We have previously demonstrated that head and neck squamous cell carcinoma is associated with innervation by sensory neurons and that substance P, one of the principal neuropeptides these fibers release, drives malignant cell proliferation and migration (Restaino et al., 2023). Significantly, patients suffering from HNSCC often experience depressive disorders, which are poorly managed clinically (Chen et al., 2013a; Lazure et al., 2009; Elaldi et al., 2021). Here, we found that nociceptor neurons infiltrating HNSCC connect to a pre-existing brain-projecting circuit (Navratilova et al., 2016; Mercer Lindsay et al., 2021) that includes the trigeminal ganglia, the spinal nucleus of the trigeminal (SpVc), as well as the parabrachial nucleus (PBN), and central amygdala (CeA) (Ito et al., 2021; Jaramillo et al., 2021; Ge et al., 2022; Torres-Rodriguez et al., 2024). This connection occurs independently of pain, and this cancer-brain circuit drives behavioral alterations in tumor-bearing mice. While the elimination of TRPV1-expressing nociceptor neurons reduces tumor growth and enhances survival rates, it also highlights a potential therapeutic target for mitigating depressive behaviors in cancer patients. This underscores the complex interplay between sensory neurons, cancer progression, and mental health, uncovering a two-pronged approach to improving HNSCC patients’ physical and psychological health.

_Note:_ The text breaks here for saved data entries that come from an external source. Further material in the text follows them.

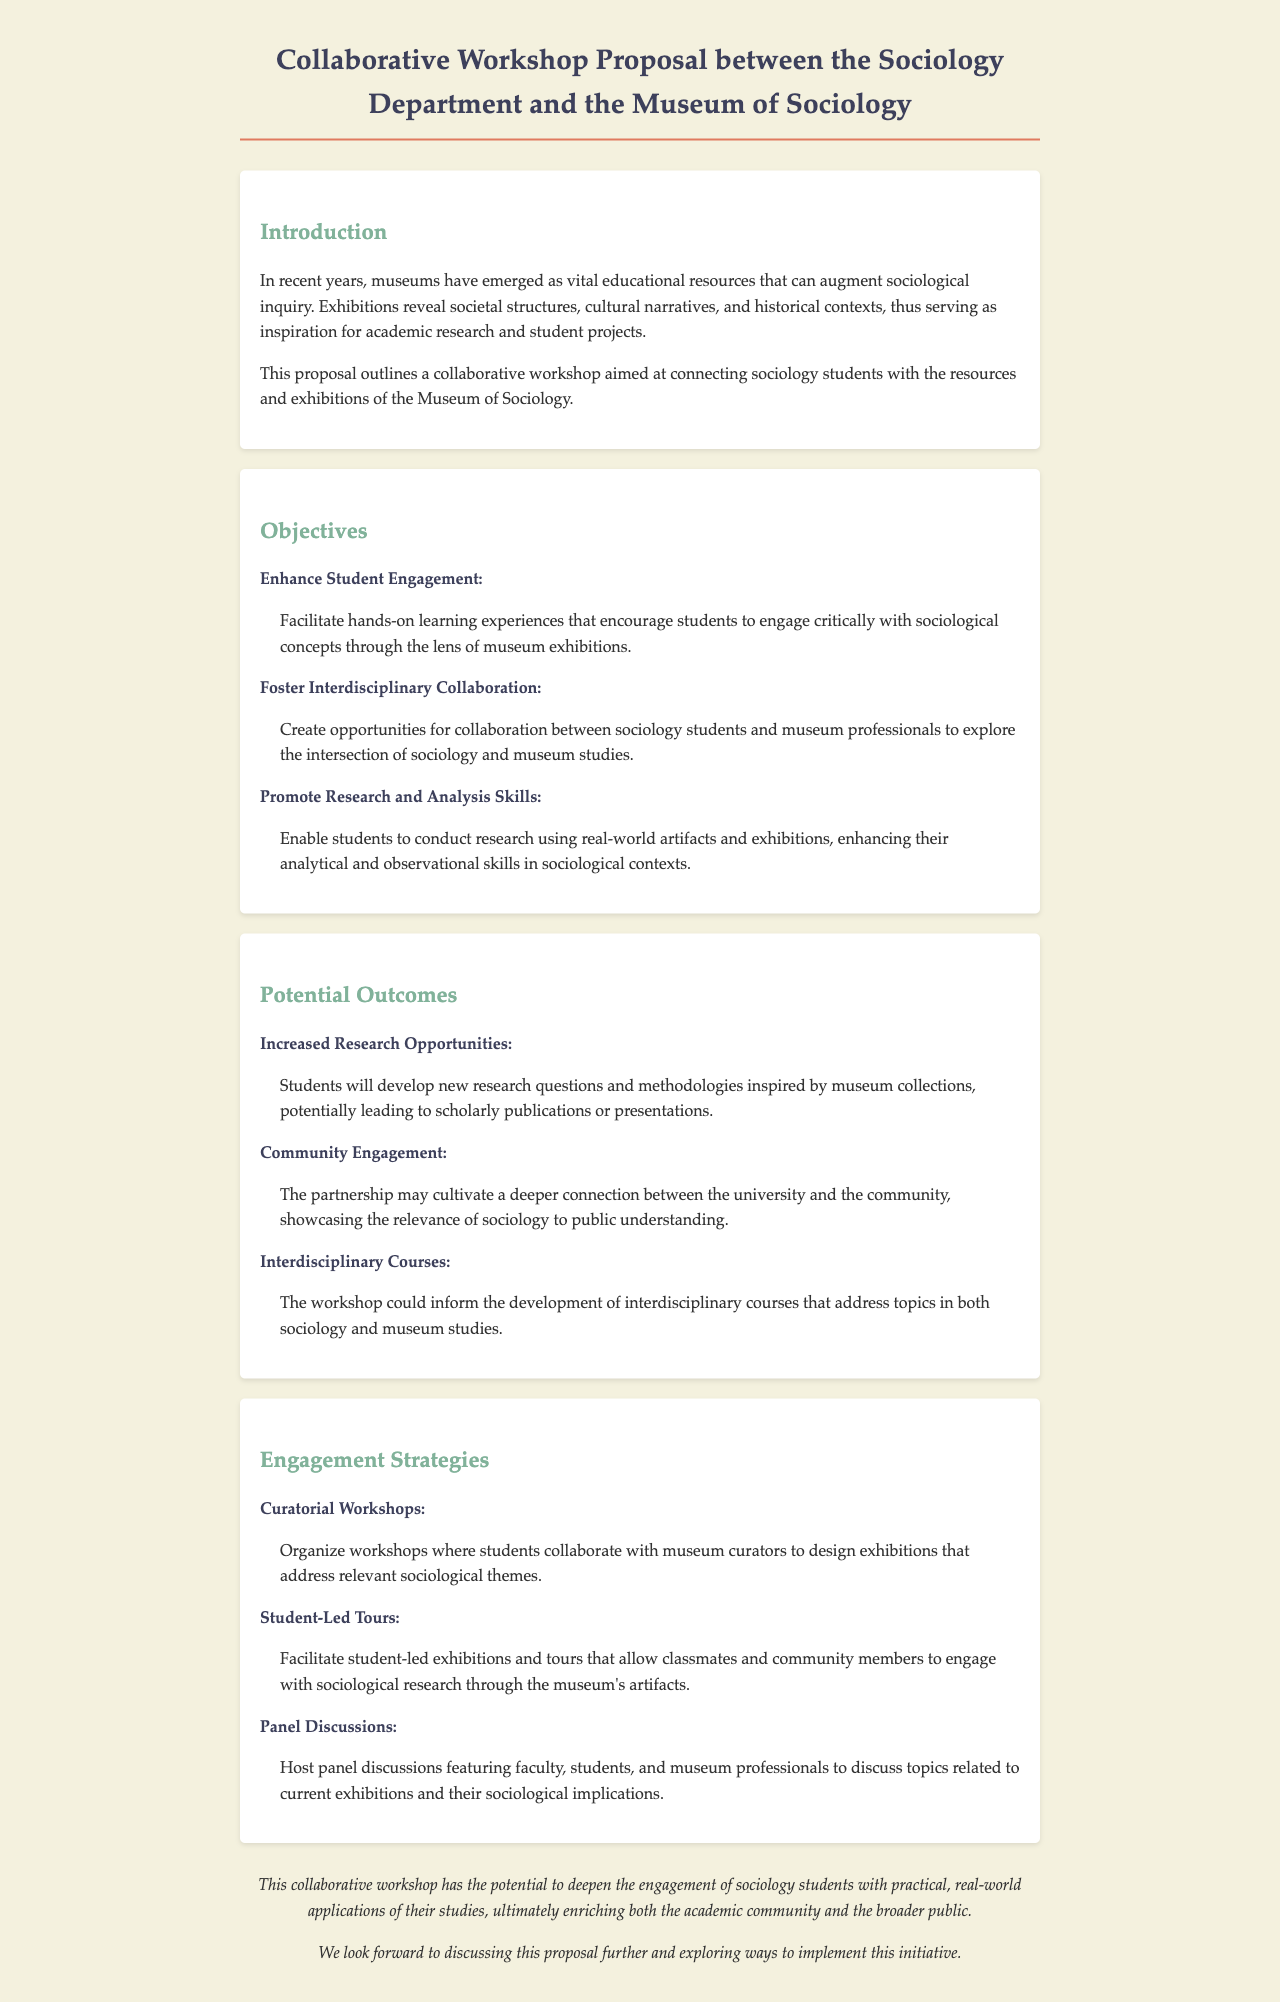What is the title of the document? The title is located at the top of the document, indicating the subject of the proposal.
Answer: Collaborative Workshop Proposal between the Sociology Department and the Museum of Sociology How many objectives are listed in the proposal? The number of objectives can be counted in the section detailing the objectives, which contains a list.
Answer: Three What is the first potential outcome mentioned? The potential outcomes are enumerated; the first one is explicitly stated.
Answer: Increased Research Opportunities What engagement strategy involves curators? The strategies listed include several forms of engagement, one of which involves collaboration with curators.
Answer: Curatorial Workshops What is the key focus of the workshop proposal? The proposal highlights its main goal in the introduction, which summarizes the overall aim.
Answer: Connecting sociology students with the resources and exhibitions of the Museum of Sociology What role do panel discussions play in the engagement strategies? The details about panel discussions are found in the section explaining engagement strategies, outlining their purpose.
Answer: Discuss sociological implications What is one of the objectives related to research skills? The objectives specify enhancing certain skills, and one objective directly addresses research skills.
Answer: Promote Research and Analysis Skills What type of community connection is expected from the workshop? The expected community outcome related to engagement is clearly stated in the potential outcomes section.
Answer: Community Engagement

In melanoma (Balood et al., 2022) and HNSCC, we demonstrated significant alterations in transcript levels within tumor-infiltrating nerves. Several mechanisms can account for these changes. For instance, TRPV1 stimulation is sufficient to trigger the activation of the AP-1 transcription factor within neurons (Backes et al., 2018). Such TRPV1 activation could occur in response to low pH (Boedtkjer and Pedersen, 2020) or hypoxia (Pocock and Hobert, 2008; Pocock and Hobert, 2010; Stevenson et al., 2012), which are both prevalent within the tumor microenvironment. Alternatively, we previously demonstrated that tumor-released sEVs, which transport microRNAs (miRNAs), induced sprouting of loco-regional nerves to the tumor bed (Madeo et al., 2018; Amit et al., 2020). These sEV-transported miRNAs could also modulate various neuronal transcription factors and, in turn, drive the transcriptomic changes we observed in these neurons.

Our data indicate that these peripheral neuronal changes also influence the functioning of the brain areas to which they connect. Although we did not make the complete cartography of all brain regions used by tumor-infiltrating nerves, we identified a few critical nuclei. Subsequent work will use emerging circuit mapping techniques for whole brain profiling (Ueda et al., 2020). Nevertheless, our tracing in tumor-bearing nociceptor-neuron-ablated and intact animals was sufficient to functionally implicate TRPV1-expressing neurons in this communication.

Trigeminal ganglia neurons are composed of ~80% of Na_V1.8⁺ nociceptor neurons, with one-half being peptidergic (TRPV1⁺, TRPA1⁺) neurons (Kobayashi et al., 2005; Mickle et al., 2015; Mishra et al., 2011). In the TRPV1-Cre::Floxed-DTA mouse, these peptidergic neurons are eliminated, leaving intact ~50% of pain-sensing neurons. The remaining presence of these non-peptidergic, largely MrgD⁺, neurons might explain why nesting behavior in TRPV1-Cre::Floxed-DTA tumor-bearing animals is only partially restored.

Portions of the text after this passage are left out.